Strange banking: It’s always a sensitive thing to write about banks since they have customers – some of who are likely to panic and withdraw their funds. But there’s no danger of that with fast growing and strong Equity Bank. Just days before their listing in 2006, one of their directors resigned – could this be the reason?

Loan shares resurface: I&M becomes the first bank to hawk loans to buy Kenya Re IPO shares.

Milk tremor: KCC has overnight raised the price of their plastic milk pouches (500 ml) from Kshs. 22 to 26 (%18). More plastic tax aftershocks?

Stanbic apples & oranges

Standard Bank (of South Africa) operates as Stanbic in other parts of Africa.

Here’s a snapshot comparison of the 2006 financial results of Stanbic Kenya and Stanbic Uganda.

Stanbic Kenya is unlisted while several Kenyans participated in the 2006 Stanbic Uganda IPO which was relatively cheap owing to the exchange rate difference (25:1) between Kenya and Uganda. The Stanbic (UG) IPO was partly blamed for the performance of the Mumias (Kenya) rights issue whose uptake was judged to be average.

Merger talks between Stanbic (K) and CFC which is another locally listed Kenyan bank are at an advanced stage. So how do the bank’s compare?

Approximate figures in US$

Rank
Uganda Stanbic (1 in Uganda)
Kenya Stanbic (9 in Kenya)
CFC (10)

Assets
Uganda Stanbic $725 million
Kenya Stanbic 378 million
CFC 371 million

Deposits
Uganda Stanbic $513 million
Kenya Stanbic 289 million
CFC 271 million

Loans
Uganda Stanbic $195 million
Kenya Stanbic 166 million
CFC 220 million

Pre-tax Profits
Uganda Stanbic $32.3 million
Kenya Stanbic 13.4 million
CFC 9.9 million

Stanbic IPO

This week I made a first foray into international investments (since a short-lived stint with T. Rowe Price mutual fund) by signing up to buy shares in the Stanbic IPO (Uganda).

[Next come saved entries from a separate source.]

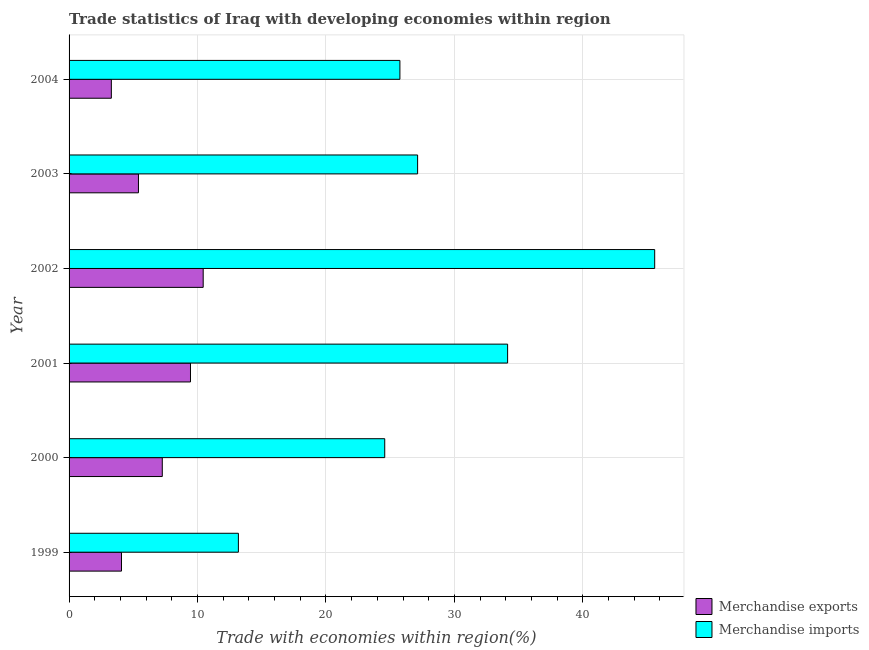How many different coloured bars are there?
Your answer should be very brief. 2. Are the number of bars per tick equal to the number of legend labels?
Provide a short and direct response. Yes. Are the number of bars on each tick of the Y-axis equal?
Make the answer very short. Yes. How many bars are there on the 5th tick from the bottom?
Offer a very short reply. 2. What is the merchandise imports in 2004?
Offer a very short reply. 25.76. Across all years, what is the maximum merchandise imports?
Keep it short and to the point. 45.59. Across all years, what is the minimum merchandise exports?
Provide a short and direct response. 3.29. In which year was the merchandise imports maximum?
Provide a short and direct response. 2002. In which year was the merchandise imports minimum?
Keep it short and to the point. 1999. What is the total merchandise exports in the graph?
Provide a short and direct response. 39.92. What is the difference between the merchandise exports in 2000 and that in 2003?
Give a very brief answer. 1.85. What is the difference between the merchandise exports in 2004 and the merchandise imports in 1999?
Your answer should be compact. -9.89. What is the average merchandise exports per year?
Your response must be concise. 6.65. In the year 1999, what is the difference between the merchandise imports and merchandise exports?
Your answer should be very brief. 9.1. In how many years, is the merchandise imports greater than 6 %?
Provide a short and direct response. 6. What is the ratio of the merchandise imports in 2000 to that in 2001?
Provide a short and direct response. 0.72. Is the merchandise exports in 1999 less than that in 2004?
Offer a terse response. No. What is the difference between the highest and the lowest merchandise imports?
Offer a terse response. 32.41. Is the sum of the merchandise imports in 2000 and 2004 greater than the maximum merchandise exports across all years?
Ensure brevity in your answer.  Yes. What does the 2nd bar from the bottom in 2004 represents?
Give a very brief answer. Merchandise imports. How many bars are there?
Make the answer very short. 12. How many years are there in the graph?
Offer a terse response. 6. What is the difference between two consecutive major ticks on the X-axis?
Provide a short and direct response. 10. Are the values on the major ticks of X-axis written in scientific E-notation?
Ensure brevity in your answer.  No. How many legend labels are there?
Your answer should be compact. 2. What is the title of the graph?
Your response must be concise. Trade statistics of Iraq with developing economies within region. Does "Commercial service imports" appear as one of the legend labels in the graph?
Provide a short and direct response. No. What is the label or title of the X-axis?
Provide a succinct answer. Trade with economies within region(%). What is the label or title of the Y-axis?
Keep it short and to the point. Year. What is the Trade with economies within region(%) of Merchandise exports in 1999?
Offer a very short reply. 4.08. What is the Trade with economies within region(%) in Merchandise imports in 1999?
Offer a very short reply. 13.18. What is the Trade with economies within region(%) in Merchandise exports in 2000?
Keep it short and to the point. 7.26. What is the Trade with economies within region(%) of Merchandise imports in 2000?
Provide a succinct answer. 24.57. What is the Trade with economies within region(%) in Merchandise exports in 2001?
Keep it short and to the point. 9.45. What is the Trade with economies within region(%) of Merchandise imports in 2001?
Offer a terse response. 34.14. What is the Trade with economies within region(%) of Merchandise exports in 2002?
Provide a succinct answer. 10.44. What is the Trade with economies within region(%) of Merchandise imports in 2002?
Make the answer very short. 45.59. What is the Trade with economies within region(%) of Merchandise exports in 2003?
Provide a succinct answer. 5.4. What is the Trade with economies within region(%) in Merchandise imports in 2003?
Your answer should be very brief. 27.13. What is the Trade with economies within region(%) of Merchandise exports in 2004?
Give a very brief answer. 3.29. What is the Trade with economies within region(%) of Merchandise imports in 2004?
Ensure brevity in your answer.  25.76. Across all years, what is the maximum Trade with economies within region(%) of Merchandise exports?
Provide a succinct answer. 10.44. Across all years, what is the maximum Trade with economies within region(%) of Merchandise imports?
Provide a succinct answer. 45.59. Across all years, what is the minimum Trade with economies within region(%) in Merchandise exports?
Make the answer very short. 3.29. Across all years, what is the minimum Trade with economies within region(%) of Merchandise imports?
Make the answer very short. 13.18. What is the total Trade with economies within region(%) in Merchandise exports in the graph?
Your response must be concise. 39.92. What is the total Trade with economies within region(%) of Merchandise imports in the graph?
Your response must be concise. 170.37. What is the difference between the Trade with economies within region(%) of Merchandise exports in 1999 and that in 2000?
Offer a terse response. -3.18. What is the difference between the Trade with economies within region(%) in Merchandise imports in 1999 and that in 2000?
Give a very brief answer. -11.39. What is the difference between the Trade with economies within region(%) in Merchandise exports in 1999 and that in 2001?
Provide a succinct answer. -5.37. What is the difference between the Trade with economies within region(%) of Merchandise imports in 1999 and that in 2001?
Your answer should be compact. -20.96. What is the difference between the Trade with economies within region(%) of Merchandise exports in 1999 and that in 2002?
Ensure brevity in your answer.  -6.36. What is the difference between the Trade with economies within region(%) in Merchandise imports in 1999 and that in 2002?
Your answer should be very brief. -32.41. What is the difference between the Trade with economies within region(%) of Merchandise exports in 1999 and that in 2003?
Offer a very short reply. -1.32. What is the difference between the Trade with economies within region(%) in Merchandise imports in 1999 and that in 2003?
Give a very brief answer. -13.95. What is the difference between the Trade with economies within region(%) of Merchandise exports in 1999 and that in 2004?
Give a very brief answer. 0.79. What is the difference between the Trade with economies within region(%) of Merchandise imports in 1999 and that in 2004?
Your answer should be compact. -12.57. What is the difference between the Trade with economies within region(%) in Merchandise exports in 2000 and that in 2001?
Offer a very short reply. -2.19. What is the difference between the Trade with economies within region(%) of Merchandise imports in 2000 and that in 2001?
Your answer should be compact. -9.56. What is the difference between the Trade with economies within region(%) in Merchandise exports in 2000 and that in 2002?
Make the answer very short. -3.18. What is the difference between the Trade with economies within region(%) in Merchandise imports in 2000 and that in 2002?
Keep it short and to the point. -21.01. What is the difference between the Trade with economies within region(%) of Merchandise exports in 2000 and that in 2003?
Offer a terse response. 1.86. What is the difference between the Trade with economies within region(%) in Merchandise imports in 2000 and that in 2003?
Provide a succinct answer. -2.56. What is the difference between the Trade with economies within region(%) in Merchandise exports in 2000 and that in 2004?
Give a very brief answer. 3.97. What is the difference between the Trade with economies within region(%) of Merchandise imports in 2000 and that in 2004?
Your answer should be compact. -1.18. What is the difference between the Trade with economies within region(%) of Merchandise exports in 2001 and that in 2002?
Your answer should be very brief. -0.99. What is the difference between the Trade with economies within region(%) of Merchandise imports in 2001 and that in 2002?
Provide a short and direct response. -11.45. What is the difference between the Trade with economies within region(%) in Merchandise exports in 2001 and that in 2003?
Provide a succinct answer. 4.05. What is the difference between the Trade with economies within region(%) in Merchandise imports in 2001 and that in 2003?
Your response must be concise. 7.01. What is the difference between the Trade with economies within region(%) of Merchandise exports in 2001 and that in 2004?
Provide a short and direct response. 6.16. What is the difference between the Trade with economies within region(%) in Merchandise imports in 2001 and that in 2004?
Give a very brief answer. 8.38. What is the difference between the Trade with economies within region(%) in Merchandise exports in 2002 and that in 2003?
Provide a short and direct response. 5.04. What is the difference between the Trade with economies within region(%) in Merchandise imports in 2002 and that in 2003?
Offer a terse response. 18.46. What is the difference between the Trade with economies within region(%) of Merchandise exports in 2002 and that in 2004?
Your response must be concise. 7.15. What is the difference between the Trade with economies within region(%) in Merchandise imports in 2002 and that in 2004?
Provide a succinct answer. 19.83. What is the difference between the Trade with economies within region(%) of Merchandise exports in 2003 and that in 2004?
Keep it short and to the point. 2.11. What is the difference between the Trade with economies within region(%) of Merchandise imports in 2003 and that in 2004?
Your answer should be compact. 1.38. What is the difference between the Trade with economies within region(%) of Merchandise exports in 1999 and the Trade with economies within region(%) of Merchandise imports in 2000?
Provide a short and direct response. -20.49. What is the difference between the Trade with economies within region(%) of Merchandise exports in 1999 and the Trade with economies within region(%) of Merchandise imports in 2001?
Give a very brief answer. -30.06. What is the difference between the Trade with economies within region(%) of Merchandise exports in 1999 and the Trade with economies within region(%) of Merchandise imports in 2002?
Your answer should be compact. -41.51. What is the difference between the Trade with economies within region(%) in Merchandise exports in 1999 and the Trade with economies within region(%) in Merchandise imports in 2003?
Offer a terse response. -23.05. What is the difference between the Trade with economies within region(%) in Merchandise exports in 1999 and the Trade with economies within region(%) in Merchandise imports in 2004?
Ensure brevity in your answer.  -21.68. What is the difference between the Trade with economies within region(%) of Merchandise exports in 2000 and the Trade with economies within region(%) of Merchandise imports in 2001?
Your answer should be very brief. -26.88. What is the difference between the Trade with economies within region(%) in Merchandise exports in 2000 and the Trade with economies within region(%) in Merchandise imports in 2002?
Your response must be concise. -38.33. What is the difference between the Trade with economies within region(%) in Merchandise exports in 2000 and the Trade with economies within region(%) in Merchandise imports in 2003?
Provide a short and direct response. -19.88. What is the difference between the Trade with economies within region(%) in Merchandise exports in 2000 and the Trade with economies within region(%) in Merchandise imports in 2004?
Your answer should be compact. -18.5. What is the difference between the Trade with economies within region(%) of Merchandise exports in 2001 and the Trade with economies within region(%) of Merchandise imports in 2002?
Offer a terse response. -36.14. What is the difference between the Trade with economies within region(%) in Merchandise exports in 2001 and the Trade with economies within region(%) in Merchandise imports in 2003?
Keep it short and to the point. -17.68. What is the difference between the Trade with economies within region(%) of Merchandise exports in 2001 and the Trade with economies within region(%) of Merchandise imports in 2004?
Provide a succinct answer. -16.3. What is the difference between the Trade with economies within region(%) in Merchandise exports in 2002 and the Trade with economies within region(%) in Merchandise imports in 2003?
Your answer should be very brief. -16.69. What is the difference between the Trade with economies within region(%) in Merchandise exports in 2002 and the Trade with economies within region(%) in Merchandise imports in 2004?
Your answer should be very brief. -15.31. What is the difference between the Trade with economies within region(%) of Merchandise exports in 2003 and the Trade with economies within region(%) of Merchandise imports in 2004?
Your answer should be very brief. -20.35. What is the average Trade with economies within region(%) of Merchandise exports per year?
Your answer should be very brief. 6.65. What is the average Trade with economies within region(%) in Merchandise imports per year?
Give a very brief answer. 28.4. In the year 1999, what is the difference between the Trade with economies within region(%) of Merchandise exports and Trade with economies within region(%) of Merchandise imports?
Your answer should be very brief. -9.1. In the year 2000, what is the difference between the Trade with economies within region(%) of Merchandise exports and Trade with economies within region(%) of Merchandise imports?
Provide a short and direct response. -17.32. In the year 2001, what is the difference between the Trade with economies within region(%) in Merchandise exports and Trade with economies within region(%) in Merchandise imports?
Your answer should be very brief. -24.69. In the year 2002, what is the difference between the Trade with economies within region(%) in Merchandise exports and Trade with economies within region(%) in Merchandise imports?
Give a very brief answer. -35.15. In the year 2003, what is the difference between the Trade with economies within region(%) of Merchandise exports and Trade with economies within region(%) of Merchandise imports?
Ensure brevity in your answer.  -21.73. In the year 2004, what is the difference between the Trade with economies within region(%) in Merchandise exports and Trade with economies within region(%) in Merchandise imports?
Make the answer very short. -22.46. What is the ratio of the Trade with economies within region(%) of Merchandise exports in 1999 to that in 2000?
Your response must be concise. 0.56. What is the ratio of the Trade with economies within region(%) of Merchandise imports in 1999 to that in 2000?
Your response must be concise. 0.54. What is the ratio of the Trade with economies within region(%) of Merchandise exports in 1999 to that in 2001?
Offer a very short reply. 0.43. What is the ratio of the Trade with economies within region(%) of Merchandise imports in 1999 to that in 2001?
Your answer should be compact. 0.39. What is the ratio of the Trade with economies within region(%) in Merchandise exports in 1999 to that in 2002?
Your answer should be very brief. 0.39. What is the ratio of the Trade with economies within region(%) in Merchandise imports in 1999 to that in 2002?
Make the answer very short. 0.29. What is the ratio of the Trade with economies within region(%) of Merchandise exports in 1999 to that in 2003?
Provide a succinct answer. 0.76. What is the ratio of the Trade with economies within region(%) of Merchandise imports in 1999 to that in 2003?
Offer a very short reply. 0.49. What is the ratio of the Trade with economies within region(%) of Merchandise exports in 1999 to that in 2004?
Offer a terse response. 1.24. What is the ratio of the Trade with economies within region(%) of Merchandise imports in 1999 to that in 2004?
Provide a succinct answer. 0.51. What is the ratio of the Trade with economies within region(%) of Merchandise exports in 2000 to that in 2001?
Your answer should be very brief. 0.77. What is the ratio of the Trade with economies within region(%) of Merchandise imports in 2000 to that in 2001?
Your answer should be compact. 0.72. What is the ratio of the Trade with economies within region(%) in Merchandise exports in 2000 to that in 2002?
Your answer should be compact. 0.69. What is the ratio of the Trade with economies within region(%) in Merchandise imports in 2000 to that in 2002?
Ensure brevity in your answer.  0.54. What is the ratio of the Trade with economies within region(%) in Merchandise exports in 2000 to that in 2003?
Your answer should be compact. 1.34. What is the ratio of the Trade with economies within region(%) of Merchandise imports in 2000 to that in 2003?
Your answer should be very brief. 0.91. What is the ratio of the Trade with economies within region(%) in Merchandise exports in 2000 to that in 2004?
Provide a short and direct response. 2.21. What is the ratio of the Trade with economies within region(%) in Merchandise imports in 2000 to that in 2004?
Provide a short and direct response. 0.95. What is the ratio of the Trade with economies within region(%) in Merchandise exports in 2001 to that in 2002?
Your answer should be very brief. 0.91. What is the ratio of the Trade with economies within region(%) of Merchandise imports in 2001 to that in 2002?
Ensure brevity in your answer.  0.75. What is the ratio of the Trade with economies within region(%) of Merchandise exports in 2001 to that in 2003?
Provide a succinct answer. 1.75. What is the ratio of the Trade with economies within region(%) of Merchandise imports in 2001 to that in 2003?
Ensure brevity in your answer.  1.26. What is the ratio of the Trade with economies within region(%) of Merchandise exports in 2001 to that in 2004?
Your answer should be very brief. 2.87. What is the ratio of the Trade with economies within region(%) of Merchandise imports in 2001 to that in 2004?
Keep it short and to the point. 1.33. What is the ratio of the Trade with economies within region(%) in Merchandise exports in 2002 to that in 2003?
Keep it short and to the point. 1.93. What is the ratio of the Trade with economies within region(%) of Merchandise imports in 2002 to that in 2003?
Offer a very short reply. 1.68. What is the ratio of the Trade with economies within region(%) of Merchandise exports in 2002 to that in 2004?
Make the answer very short. 3.17. What is the ratio of the Trade with economies within region(%) of Merchandise imports in 2002 to that in 2004?
Give a very brief answer. 1.77. What is the ratio of the Trade with economies within region(%) in Merchandise exports in 2003 to that in 2004?
Keep it short and to the point. 1.64. What is the ratio of the Trade with economies within region(%) in Merchandise imports in 2003 to that in 2004?
Make the answer very short. 1.05. What is the difference between the highest and the second highest Trade with economies within region(%) of Merchandise exports?
Offer a very short reply. 0.99. What is the difference between the highest and the second highest Trade with economies within region(%) of Merchandise imports?
Ensure brevity in your answer.  11.45. What is the difference between the highest and the lowest Trade with economies within region(%) of Merchandise exports?
Offer a very short reply. 7.15. What is the difference between the highest and the lowest Trade with economies within region(%) in Merchandise imports?
Your answer should be compact. 32.41.

Earlier this year a cement company had an IPO in Tanzania but that was not available to Kenyans while the Stanbic offer is. Though earlier marketed as being exclusive to Dyer & Blair (D&B) customers, other brokers have forged links with Ugandan financial institutions to enable more Kenyan’s to participate.

I paid 3/= per share at CFC (plus a 750/= processing fee) while a certain wealthy investor/dentist informs me that D&B has them at 2.85 each as does African Alliance at the same price.

Still, there are some risks of investments mentioned in a D&B analysis including limited trading days at the USE, no CDS system (we’ll get paper share certificates), power rationing could negatively impact company loan repayments, and the Uganda shilling may depreciate against the Kenyan one. Also, dividends will be paid in Uganda shillings (1 KES = 26 Ush) but at least they can be repatriated in full as movement of capital is free.

Stanbic is Uganda’s largest bank and is rated as the highest quality stock ever offered on their stock exchange.